A robin’s-egg blue door hangs crooked from a splintered door frame. With wide I-told-you-so eyes, I turn to look at the rest of the group. Cameron’s face drains of color, and she leans into Carver, who scowls at the Witch who suddenly needs help standing. Jeriko’s brows pull low over her dark brown eyes, and next to her, Nollix cocks his head.

“The Warlock,” Nollix finally says.

I push the door open further with the tips of my toes. A bellowing scream erupts from somewhere in the house. There’s a hiss and skittering paws. The brush of fur ruffles my dress as a cat goes racing past us and right out the door.

“Tell me where it is,” A deep, terrible voice demands.

“I don’t—”

“Help me throw the vale over Cameron,” I hiss at the Hunt.

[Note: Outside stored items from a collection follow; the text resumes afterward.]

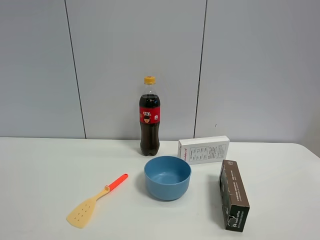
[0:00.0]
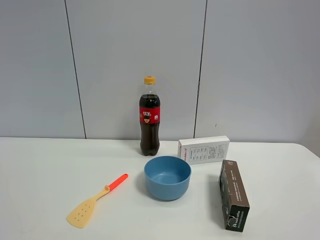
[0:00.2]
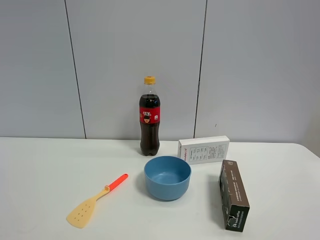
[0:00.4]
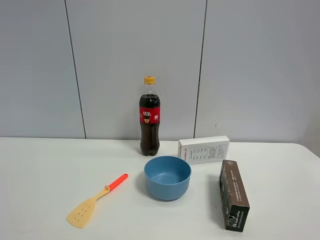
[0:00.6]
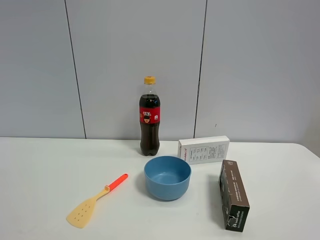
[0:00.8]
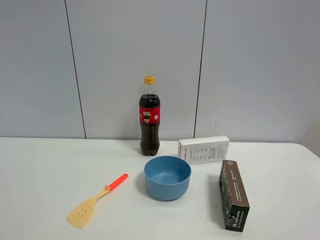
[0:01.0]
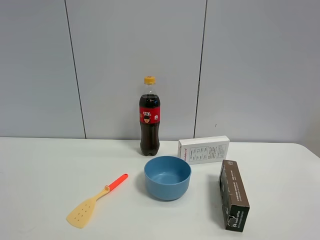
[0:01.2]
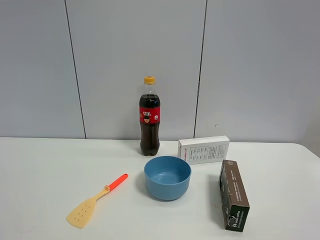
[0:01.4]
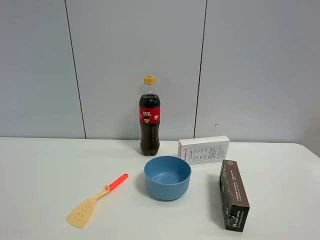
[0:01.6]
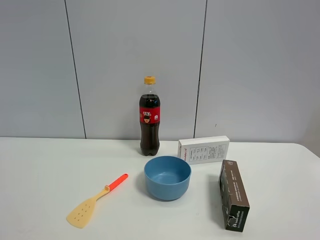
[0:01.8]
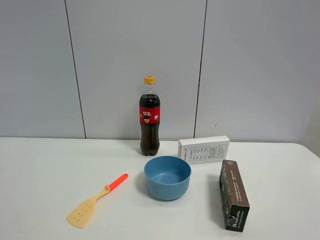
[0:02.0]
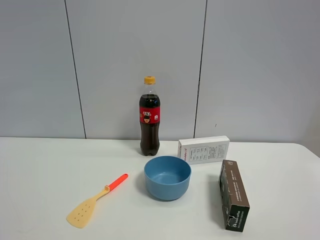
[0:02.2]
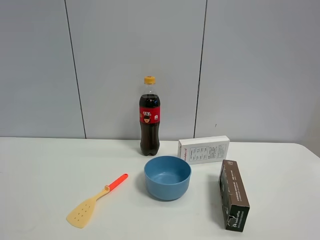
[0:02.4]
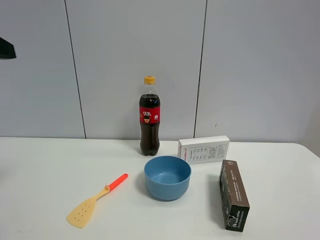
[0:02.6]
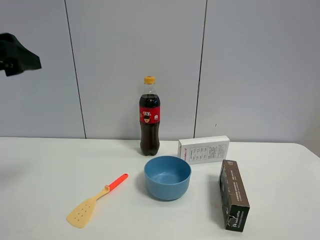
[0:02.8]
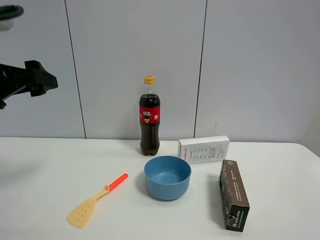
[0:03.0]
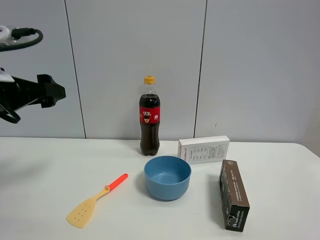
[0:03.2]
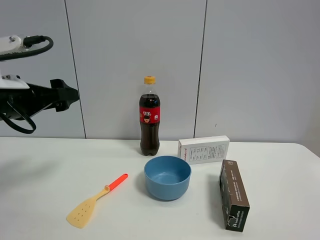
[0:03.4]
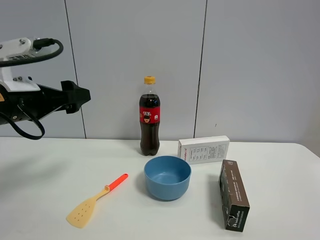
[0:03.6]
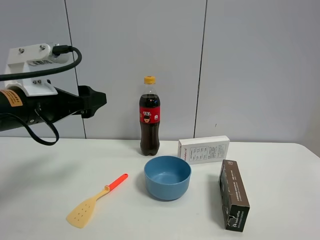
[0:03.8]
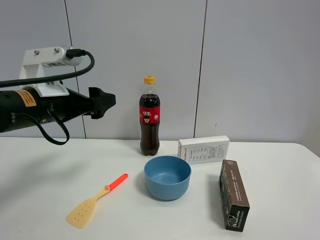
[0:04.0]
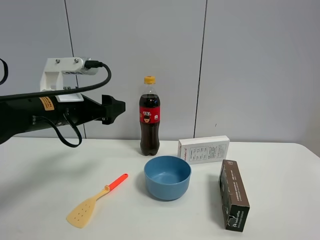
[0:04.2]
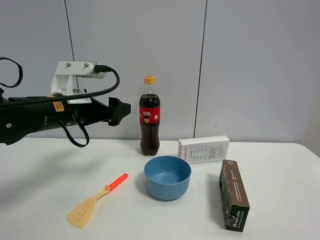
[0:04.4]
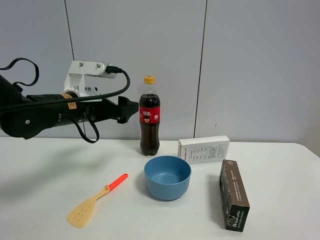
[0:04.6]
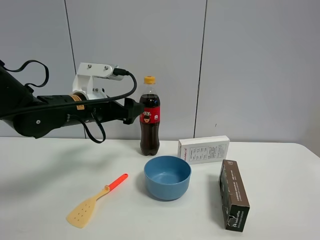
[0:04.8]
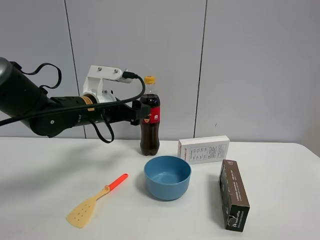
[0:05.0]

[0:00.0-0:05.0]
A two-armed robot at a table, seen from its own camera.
Task of the whole recording: the gripper move the object.
0:01.6 to 0:03.4: The left gripper travels forward by about 25 cm.
0:03.4 to 0:05.0: The left gripper moves to the right and forward, some 15 cm.

I’m surprised when I feel the tug of Jeriko’s power combine with what little I and the others have. But Cameron is covered, hidden between worlds like the rest of us as magic moves over our skin like a thousand tiny sparks.

A sickly slap of something hard against flesh splits the air. Someone sucks in a breath behind me, likely Cameron. She hasn’t seen the likes of death like we have.

“Do not lie to me, Birkin!”

The quirky Warlock who collects cats like they’re precious stones. The man who broke the news to us that Cameron is a Witch and that he could do nothing to break the bond between us.

We follow the sound of quiet sobs, side-stepping falling pieces of a burning house. Another cat scurries the way we came, and—my ears ring with a high-pitched wail of a dying animal.

“Please, stop,” Birkin begs. “Please, you’ve destroyed the town. Slaughtered hundreds. And I cannot help you. Leave my animals be!”

Hundreds.

A crunch and the animal’s cries come to a halt. I can watch any number of Fae be slaughtered in a thousand different manners, but the sound of an animal being murdered makes me wince.